_PROBLEM DETAILS_: From the material below, copy each line that holds the word "object".

_AVAILABLE RECORDS_:
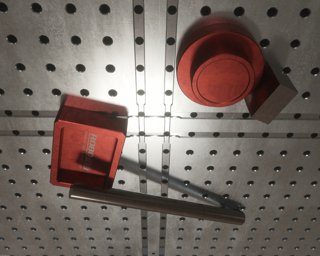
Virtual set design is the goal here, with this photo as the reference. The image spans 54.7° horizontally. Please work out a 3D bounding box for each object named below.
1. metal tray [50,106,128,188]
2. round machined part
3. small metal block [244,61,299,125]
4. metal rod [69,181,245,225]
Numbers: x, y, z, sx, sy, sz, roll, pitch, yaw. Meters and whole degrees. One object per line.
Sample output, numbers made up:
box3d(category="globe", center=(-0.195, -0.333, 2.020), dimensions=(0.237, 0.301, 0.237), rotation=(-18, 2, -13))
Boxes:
box3d(category="metal tray", center=(-0.103, 0.036, 0.437), dimensions=(0.091, 0.030, 0.129), rotation=(11, 129, -10))
box3d(category="round machined part", center=(0.068, -0.062, 0.349), dimensions=(0.099, 0.042, 0.097), rotation=(0, 130, 0))
box3d(category="small metal block", center=(0.126, -0.041, 0.362), dimensions=(0.025, 0.050, 0.050), rotation=(21, 127, -17))
box3d(category="metal rod", center=(0.010, 0.123, 0.492), dimensions=(0.302, 0.025, 0.025), rotation=(16, 129, -23))

_YOUR RESPONSE_:
Virtual set design is the goal here, with this photo as the reference. The image spans 54.7° horizontally. Please work out a 3D bounding box for each object named below.
Numbers: x, y, z, sx, sy, sz, roll, pitch, yaw. Meters and whole degrees. One object per line.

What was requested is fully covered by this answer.